One of the main technology design decisions ICT initiatives face is whether to transmit data via Short Message Service (SMS) or General Packet Radio Service (GPRS). SMS is a tool built into any modern cellphone which allows its users to send short messages, typically between 70 and 160 characters, over the voice network. GPRS is a mobile data service which allows certain phones to send and receive information using the internet protocol (IP), the same messaging technology which powers the World Wide Web. While an SMS-based system has no specific phone requirements, a system that relies on GPRS data transmission requires Java-enabled handsets that are capable of supporting mobile applications.

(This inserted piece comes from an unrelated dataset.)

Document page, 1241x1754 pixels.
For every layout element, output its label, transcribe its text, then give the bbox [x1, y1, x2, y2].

|Data Collection & Transmission Cost|
Because SMS capability is a standard built-in feature of all GSM phones, a project that relies on data transmission via SMS does not require implementers to invest in project-dedicated handsets for end users. In addition to reducing upfront costs, using existing phones also bypasses significant coordination that is required to ensure appropriate use of project-specific phones. This is especially true for projects involving large facilities or user groups, where lines delineating phone ownership may be fluid. Workers sharing project-specific phones with family members may reduce the availability of phones at project sites and/or increase the likelihood that sensitive data will leak out to non-affiliated community members.

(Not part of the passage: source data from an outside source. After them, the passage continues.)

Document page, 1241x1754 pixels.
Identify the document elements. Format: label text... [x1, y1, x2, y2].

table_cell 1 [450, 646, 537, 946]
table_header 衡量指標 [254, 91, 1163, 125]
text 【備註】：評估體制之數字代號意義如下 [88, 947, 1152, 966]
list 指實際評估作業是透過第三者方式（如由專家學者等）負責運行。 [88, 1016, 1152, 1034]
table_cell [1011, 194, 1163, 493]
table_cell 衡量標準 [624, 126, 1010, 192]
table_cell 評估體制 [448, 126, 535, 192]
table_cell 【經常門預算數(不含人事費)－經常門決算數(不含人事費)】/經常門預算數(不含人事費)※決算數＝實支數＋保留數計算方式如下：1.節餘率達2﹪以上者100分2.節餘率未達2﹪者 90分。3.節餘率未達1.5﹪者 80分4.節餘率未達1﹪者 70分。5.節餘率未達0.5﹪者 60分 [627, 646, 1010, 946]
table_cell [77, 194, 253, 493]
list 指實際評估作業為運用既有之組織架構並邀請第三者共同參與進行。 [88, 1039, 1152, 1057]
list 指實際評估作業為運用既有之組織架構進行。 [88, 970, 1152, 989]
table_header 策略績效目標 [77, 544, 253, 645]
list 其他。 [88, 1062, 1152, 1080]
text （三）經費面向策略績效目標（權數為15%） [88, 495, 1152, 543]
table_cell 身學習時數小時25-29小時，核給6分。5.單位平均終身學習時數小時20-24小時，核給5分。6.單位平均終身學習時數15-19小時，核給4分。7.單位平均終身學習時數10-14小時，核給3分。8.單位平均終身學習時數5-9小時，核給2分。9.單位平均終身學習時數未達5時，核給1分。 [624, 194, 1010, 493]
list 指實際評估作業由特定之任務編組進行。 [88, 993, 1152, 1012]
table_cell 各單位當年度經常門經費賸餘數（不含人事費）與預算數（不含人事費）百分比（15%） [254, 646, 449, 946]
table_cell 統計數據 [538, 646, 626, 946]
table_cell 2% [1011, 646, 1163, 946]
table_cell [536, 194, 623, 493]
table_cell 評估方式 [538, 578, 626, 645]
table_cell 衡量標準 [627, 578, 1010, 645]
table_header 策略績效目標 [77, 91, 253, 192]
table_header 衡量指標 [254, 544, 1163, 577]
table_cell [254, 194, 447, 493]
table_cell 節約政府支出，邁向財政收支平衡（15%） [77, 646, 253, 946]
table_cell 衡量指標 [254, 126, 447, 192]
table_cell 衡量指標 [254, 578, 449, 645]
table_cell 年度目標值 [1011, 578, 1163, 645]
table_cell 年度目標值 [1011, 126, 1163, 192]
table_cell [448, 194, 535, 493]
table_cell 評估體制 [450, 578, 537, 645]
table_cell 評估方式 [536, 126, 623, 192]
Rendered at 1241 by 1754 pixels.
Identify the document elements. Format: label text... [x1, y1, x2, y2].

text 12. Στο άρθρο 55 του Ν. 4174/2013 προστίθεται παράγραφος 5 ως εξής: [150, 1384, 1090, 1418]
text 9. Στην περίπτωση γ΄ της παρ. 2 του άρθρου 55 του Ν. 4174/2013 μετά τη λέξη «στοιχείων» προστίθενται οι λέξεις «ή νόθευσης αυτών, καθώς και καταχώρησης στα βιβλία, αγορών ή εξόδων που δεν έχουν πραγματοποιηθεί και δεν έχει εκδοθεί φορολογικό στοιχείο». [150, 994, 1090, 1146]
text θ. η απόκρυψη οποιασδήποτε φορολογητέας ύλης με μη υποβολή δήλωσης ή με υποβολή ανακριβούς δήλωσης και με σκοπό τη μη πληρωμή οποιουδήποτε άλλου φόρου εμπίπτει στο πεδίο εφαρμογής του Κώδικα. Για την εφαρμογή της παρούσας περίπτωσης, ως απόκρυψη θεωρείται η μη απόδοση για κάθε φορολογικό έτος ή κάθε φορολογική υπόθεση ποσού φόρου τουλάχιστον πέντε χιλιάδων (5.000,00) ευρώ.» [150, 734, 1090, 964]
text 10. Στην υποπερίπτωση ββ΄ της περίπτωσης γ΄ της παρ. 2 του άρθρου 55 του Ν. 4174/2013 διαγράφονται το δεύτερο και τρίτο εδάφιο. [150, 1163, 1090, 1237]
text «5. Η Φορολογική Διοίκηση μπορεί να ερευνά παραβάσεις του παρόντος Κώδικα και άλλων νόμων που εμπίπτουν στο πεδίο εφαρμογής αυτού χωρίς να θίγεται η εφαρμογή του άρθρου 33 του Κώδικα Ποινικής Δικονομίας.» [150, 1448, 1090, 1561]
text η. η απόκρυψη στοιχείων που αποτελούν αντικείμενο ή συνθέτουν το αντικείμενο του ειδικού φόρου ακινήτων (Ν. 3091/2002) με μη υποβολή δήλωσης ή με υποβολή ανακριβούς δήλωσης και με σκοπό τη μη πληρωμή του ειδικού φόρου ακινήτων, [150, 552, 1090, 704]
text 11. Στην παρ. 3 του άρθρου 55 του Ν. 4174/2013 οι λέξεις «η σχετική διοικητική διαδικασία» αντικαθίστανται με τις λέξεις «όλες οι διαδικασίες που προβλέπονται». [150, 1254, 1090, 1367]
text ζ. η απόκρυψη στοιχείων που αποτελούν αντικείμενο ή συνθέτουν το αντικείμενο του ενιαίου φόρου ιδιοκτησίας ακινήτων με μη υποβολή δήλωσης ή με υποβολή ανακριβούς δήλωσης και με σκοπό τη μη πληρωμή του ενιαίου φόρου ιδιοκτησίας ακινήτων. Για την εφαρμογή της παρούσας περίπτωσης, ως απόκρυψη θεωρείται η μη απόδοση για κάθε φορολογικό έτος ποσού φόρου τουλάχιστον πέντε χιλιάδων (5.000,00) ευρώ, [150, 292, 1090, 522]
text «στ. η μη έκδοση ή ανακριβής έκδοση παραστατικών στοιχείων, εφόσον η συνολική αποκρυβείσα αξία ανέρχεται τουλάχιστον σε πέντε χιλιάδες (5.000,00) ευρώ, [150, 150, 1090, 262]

Another advantage to an SMS-based system is that it relies on a well-recognized communication medium familiar to many people that can run directly on off-the-shelf, unmodified phones. Typically, more technical capacity is required to provide installation and troubleshooting support for applications on Java-enabled handsets than with basic SMS-supported phones. Thus, an SMS-based system typically provides a lower barrier to entry for projects without the technical capacity to install and troubleshoot a mobile application. SMS-based systems low set-up costs and low training barriers may be more suitable for projects collecting a small amount of information from a large user group.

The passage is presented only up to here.